I wonder, did anyone try to fine-tune a model specifically for general formatted data extraction? My naive thinking is that this should be pretty doable - after all, it's basically just restructuring the content using mostly the same tokens as input.
The reason why this would be useful (in my case) is because while large LLMs are perfectly capable of extraction, I often need to run it on millions of texts, which would be too costly. That's the reason I usually end up creating a custom small model, which is faster and cheaper. But a general small extraction-focused LLM would solve this.
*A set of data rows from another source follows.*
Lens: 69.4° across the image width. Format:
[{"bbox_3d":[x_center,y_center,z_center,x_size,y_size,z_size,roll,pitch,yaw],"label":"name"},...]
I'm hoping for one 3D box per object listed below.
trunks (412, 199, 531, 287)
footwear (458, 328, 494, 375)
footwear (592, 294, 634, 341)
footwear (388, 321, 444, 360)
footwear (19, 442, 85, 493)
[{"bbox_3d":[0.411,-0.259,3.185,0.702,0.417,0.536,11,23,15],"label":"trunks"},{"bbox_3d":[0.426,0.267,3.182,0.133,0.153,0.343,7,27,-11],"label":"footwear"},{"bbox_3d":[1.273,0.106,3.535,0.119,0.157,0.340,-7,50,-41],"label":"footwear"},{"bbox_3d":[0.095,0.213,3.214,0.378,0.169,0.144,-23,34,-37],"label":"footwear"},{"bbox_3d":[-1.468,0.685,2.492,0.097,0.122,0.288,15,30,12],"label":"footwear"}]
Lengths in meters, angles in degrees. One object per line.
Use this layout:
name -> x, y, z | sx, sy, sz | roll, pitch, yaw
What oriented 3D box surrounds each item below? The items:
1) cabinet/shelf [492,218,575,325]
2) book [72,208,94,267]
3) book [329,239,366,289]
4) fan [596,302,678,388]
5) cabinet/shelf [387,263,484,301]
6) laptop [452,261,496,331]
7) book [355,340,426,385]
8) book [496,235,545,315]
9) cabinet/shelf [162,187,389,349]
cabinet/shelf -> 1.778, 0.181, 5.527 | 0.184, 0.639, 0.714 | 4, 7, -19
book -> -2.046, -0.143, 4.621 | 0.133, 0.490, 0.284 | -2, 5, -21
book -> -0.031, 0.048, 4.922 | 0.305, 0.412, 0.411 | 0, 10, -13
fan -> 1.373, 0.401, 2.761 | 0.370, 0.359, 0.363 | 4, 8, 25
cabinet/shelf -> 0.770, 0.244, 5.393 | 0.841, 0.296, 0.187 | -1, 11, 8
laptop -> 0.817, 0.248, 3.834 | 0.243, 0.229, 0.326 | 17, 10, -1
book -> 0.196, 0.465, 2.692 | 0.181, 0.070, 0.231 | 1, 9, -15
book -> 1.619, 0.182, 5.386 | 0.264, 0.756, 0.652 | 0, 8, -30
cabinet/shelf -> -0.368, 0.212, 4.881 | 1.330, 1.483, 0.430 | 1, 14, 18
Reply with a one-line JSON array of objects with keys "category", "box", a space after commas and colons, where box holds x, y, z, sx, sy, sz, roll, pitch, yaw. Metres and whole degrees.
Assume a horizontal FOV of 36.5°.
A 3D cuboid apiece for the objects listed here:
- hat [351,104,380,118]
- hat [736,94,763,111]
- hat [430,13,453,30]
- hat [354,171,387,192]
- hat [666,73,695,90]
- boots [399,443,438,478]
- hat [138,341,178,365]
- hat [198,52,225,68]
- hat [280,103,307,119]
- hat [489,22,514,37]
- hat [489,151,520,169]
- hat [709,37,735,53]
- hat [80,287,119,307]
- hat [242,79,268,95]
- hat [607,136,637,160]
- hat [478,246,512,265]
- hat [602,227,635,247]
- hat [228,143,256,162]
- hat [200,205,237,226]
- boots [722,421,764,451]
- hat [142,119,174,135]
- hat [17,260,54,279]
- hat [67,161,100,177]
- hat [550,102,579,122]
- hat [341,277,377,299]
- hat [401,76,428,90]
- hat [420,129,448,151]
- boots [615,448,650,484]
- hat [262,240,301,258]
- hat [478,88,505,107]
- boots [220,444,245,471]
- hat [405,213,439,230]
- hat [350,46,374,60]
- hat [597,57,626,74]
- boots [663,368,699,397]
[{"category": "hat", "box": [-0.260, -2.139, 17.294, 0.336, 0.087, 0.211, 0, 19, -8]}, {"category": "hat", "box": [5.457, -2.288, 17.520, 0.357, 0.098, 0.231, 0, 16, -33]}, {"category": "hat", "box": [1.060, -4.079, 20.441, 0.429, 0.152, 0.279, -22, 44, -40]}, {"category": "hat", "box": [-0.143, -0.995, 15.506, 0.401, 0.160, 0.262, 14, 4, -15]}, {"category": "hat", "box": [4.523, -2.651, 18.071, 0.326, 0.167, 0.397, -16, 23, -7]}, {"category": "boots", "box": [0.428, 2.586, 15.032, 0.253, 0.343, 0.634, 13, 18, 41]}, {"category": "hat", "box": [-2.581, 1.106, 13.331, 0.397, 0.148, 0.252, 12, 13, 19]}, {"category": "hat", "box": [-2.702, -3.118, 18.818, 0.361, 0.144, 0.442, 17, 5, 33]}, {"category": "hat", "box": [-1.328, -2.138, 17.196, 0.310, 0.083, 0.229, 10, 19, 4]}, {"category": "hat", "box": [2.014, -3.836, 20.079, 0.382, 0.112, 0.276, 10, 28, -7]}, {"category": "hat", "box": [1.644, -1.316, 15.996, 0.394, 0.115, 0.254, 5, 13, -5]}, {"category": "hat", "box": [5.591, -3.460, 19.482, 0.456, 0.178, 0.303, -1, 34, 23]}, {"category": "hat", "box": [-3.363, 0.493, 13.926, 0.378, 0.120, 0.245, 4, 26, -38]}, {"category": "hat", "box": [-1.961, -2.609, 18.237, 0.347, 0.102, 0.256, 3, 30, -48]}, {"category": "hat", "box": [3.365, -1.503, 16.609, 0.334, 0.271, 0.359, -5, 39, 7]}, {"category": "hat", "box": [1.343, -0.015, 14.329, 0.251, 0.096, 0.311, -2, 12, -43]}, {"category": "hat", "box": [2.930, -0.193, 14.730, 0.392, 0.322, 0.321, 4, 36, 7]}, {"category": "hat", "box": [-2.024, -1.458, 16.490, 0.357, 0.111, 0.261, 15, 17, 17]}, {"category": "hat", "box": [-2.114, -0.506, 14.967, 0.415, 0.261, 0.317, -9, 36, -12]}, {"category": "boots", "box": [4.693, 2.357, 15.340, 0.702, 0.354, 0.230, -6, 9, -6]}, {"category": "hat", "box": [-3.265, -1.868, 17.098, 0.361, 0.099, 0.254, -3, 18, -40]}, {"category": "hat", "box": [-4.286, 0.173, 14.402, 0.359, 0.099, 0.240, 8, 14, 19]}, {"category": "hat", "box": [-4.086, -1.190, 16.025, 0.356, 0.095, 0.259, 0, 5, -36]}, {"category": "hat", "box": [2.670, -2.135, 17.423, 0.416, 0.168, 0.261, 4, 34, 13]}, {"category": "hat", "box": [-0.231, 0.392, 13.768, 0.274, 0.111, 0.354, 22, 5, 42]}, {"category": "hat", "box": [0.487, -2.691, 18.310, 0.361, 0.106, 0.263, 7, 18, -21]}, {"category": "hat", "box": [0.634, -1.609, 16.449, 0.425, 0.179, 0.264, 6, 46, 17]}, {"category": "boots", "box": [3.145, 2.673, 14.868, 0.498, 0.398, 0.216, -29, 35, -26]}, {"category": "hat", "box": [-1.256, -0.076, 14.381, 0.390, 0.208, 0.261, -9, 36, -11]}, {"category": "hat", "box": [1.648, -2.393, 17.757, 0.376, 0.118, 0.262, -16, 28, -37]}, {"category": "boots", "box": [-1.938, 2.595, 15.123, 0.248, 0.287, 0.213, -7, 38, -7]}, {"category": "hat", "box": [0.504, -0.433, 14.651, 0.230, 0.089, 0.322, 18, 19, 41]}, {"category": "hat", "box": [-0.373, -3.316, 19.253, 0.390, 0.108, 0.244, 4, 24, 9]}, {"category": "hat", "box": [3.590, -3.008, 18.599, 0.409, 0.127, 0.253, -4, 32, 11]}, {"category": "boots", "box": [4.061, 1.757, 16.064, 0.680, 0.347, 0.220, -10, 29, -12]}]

I thought about fine-tuning Llama3-1B or Qwen models on larger models outputs, but my focus is currently elsewhere.
- msp26 9 months ago
  Have you looked into structured generation with a library like outlines? https://github.com/dottxt-ai/outlines
  druskacik 9 months ago
  Yes! This library is great and definitely helps, but I still had problems with performance. For example, smaller models would still hallucinate when extracting a JSON field when the given field wasn't present in the text (I'd expect null, but it provided either an incorrect value from the text, or a totally made up value).
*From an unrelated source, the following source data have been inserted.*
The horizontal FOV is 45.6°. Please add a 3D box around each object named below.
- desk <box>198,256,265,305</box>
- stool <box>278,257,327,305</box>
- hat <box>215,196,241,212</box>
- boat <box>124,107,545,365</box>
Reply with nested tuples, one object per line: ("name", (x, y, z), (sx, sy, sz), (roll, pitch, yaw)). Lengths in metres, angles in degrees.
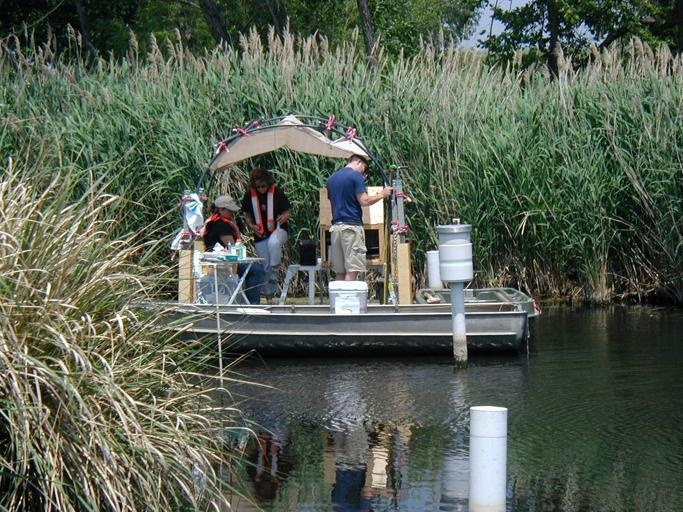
("desk", (-1.329, 0.330, 9.652), (0.779, 0.673, 0.681), (1, -4, 1))
("stool", (-0.446, 0.281, 9.952), (0.555, 0.775, 0.532), (3, 1, 4))
("hat", (-1.379, -0.629, 9.962), (0.260, 0.157, 0.178), (-4, 17, -23))
("boat", (0.070, -0.141, 9.050), (3.957, 2.682, 1.328), (-2, 1, 0))
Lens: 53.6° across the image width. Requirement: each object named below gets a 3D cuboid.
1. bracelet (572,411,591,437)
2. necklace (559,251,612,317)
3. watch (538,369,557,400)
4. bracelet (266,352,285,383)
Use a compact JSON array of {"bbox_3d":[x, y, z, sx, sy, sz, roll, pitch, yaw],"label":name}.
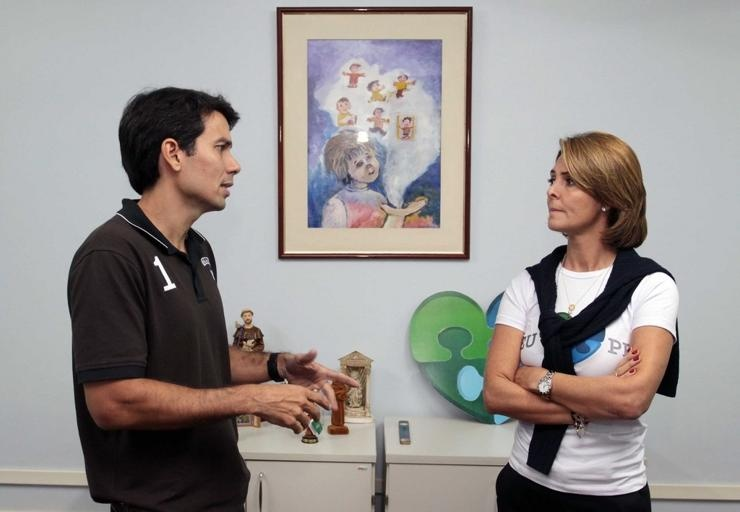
[{"bbox_3d":[0.832,0.665,2.895,0.057,0.084,0.026,1,0,21],"label":"bracelet"},{"bbox_3d":[0.854,0.124,3.006,0.166,0.243,0.060,2,-17,26],"label":"necklace"},{"bbox_3d":[0.702,0.512,2.966,0.064,0.108,0.097,17,-6,41],"label":"watch"},{"bbox_3d":[-0.404,0.462,3.051,0.067,0.104,0.101,-3,32,6],"label":"bracelet"}]
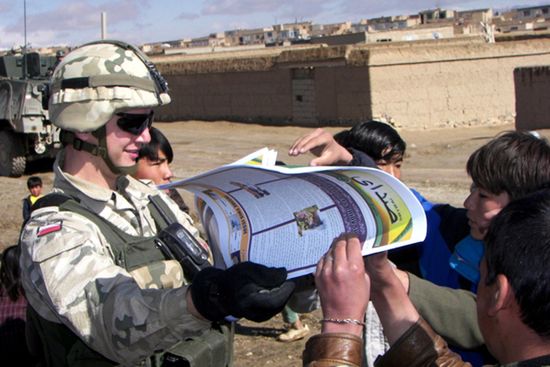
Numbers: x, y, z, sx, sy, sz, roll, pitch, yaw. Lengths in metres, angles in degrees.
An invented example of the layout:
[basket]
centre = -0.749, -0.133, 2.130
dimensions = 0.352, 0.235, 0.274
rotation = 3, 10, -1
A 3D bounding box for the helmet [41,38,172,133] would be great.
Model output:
[helmet]
centre = -0.835, -0.503, 2.693
dimensions = 0.563, 0.407, 0.576
rotation = 5, 16, 7

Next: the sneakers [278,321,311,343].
[sneakers]
centre = 0.164, 1.249, 4.482
dimensions = 0.305, 0.116, 0.121
rotation = -15, 11, -35

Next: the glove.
[glove]
centre = -0.098, 0.354, 1.868
dimensions = 0.282, 0.115, 0.219
rotation = -19, 44, -30
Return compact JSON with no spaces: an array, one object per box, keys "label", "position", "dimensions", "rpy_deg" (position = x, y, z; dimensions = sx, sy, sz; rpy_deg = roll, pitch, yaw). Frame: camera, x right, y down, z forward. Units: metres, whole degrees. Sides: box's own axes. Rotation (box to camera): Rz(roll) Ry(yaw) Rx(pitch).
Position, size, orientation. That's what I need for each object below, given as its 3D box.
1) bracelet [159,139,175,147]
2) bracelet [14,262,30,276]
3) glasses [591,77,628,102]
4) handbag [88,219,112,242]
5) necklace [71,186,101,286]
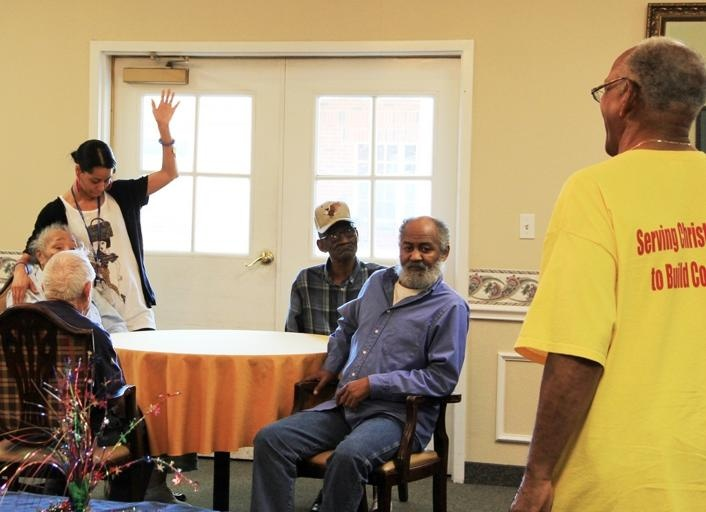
[{"label":"bracelet","position":[-0.984,-0.593,3.891],"dimensions":[0.054,0.015,0.057],"rpy_deg":[-9,-9,21]},{"label":"bracelet","position":[-1.607,0.064,3.583],"dimensions":[0.051,0.078,0.041],"rpy_deg":[6,4,0]},{"label":"glasses","position":[0.687,-0.454,1.983],"dimensions":[0.077,0.024,0.077],"rpy_deg":[-29,0,2]},{"label":"handbag","position":[-1.276,-0.129,3.702],"dimensions":[0.088,0.093,0.037],"rpy_deg":[-7,17,-9]},{"label":"necklace","position":[-1.330,-0.111,3.693],"dimensions":[0.139,0.481,0.022],"rpy_deg":[-16,9,-18]}]

- petercooper 9 months ago
  Jina did something related for extracting content from raw HTML and wrote about the techniques they used here: https://jina.ai/news/reader-lm-small-language-models-for-cle... .. in my tests, the 1.5bn model works extremely well, though the open model is non commercial.
chx 9 months ago
How do you know the output has anything to do with the input? Hint: you don't. You are building a castle on quicksand. As always, the only thing LLMs are usable for:
https://hachyderm.io/@inthehands/112006855076082650
> You might be surprised to learn that I actually think LLMs have the potential to be not only fun but genuinely useful. “Show me some bullshit that would be typical in this context” can be a genuinely helpful question to have answered, in code and in natural language — for brainstorming, for seeing common conventions in an unfamiliar context, for having something crappy to react to.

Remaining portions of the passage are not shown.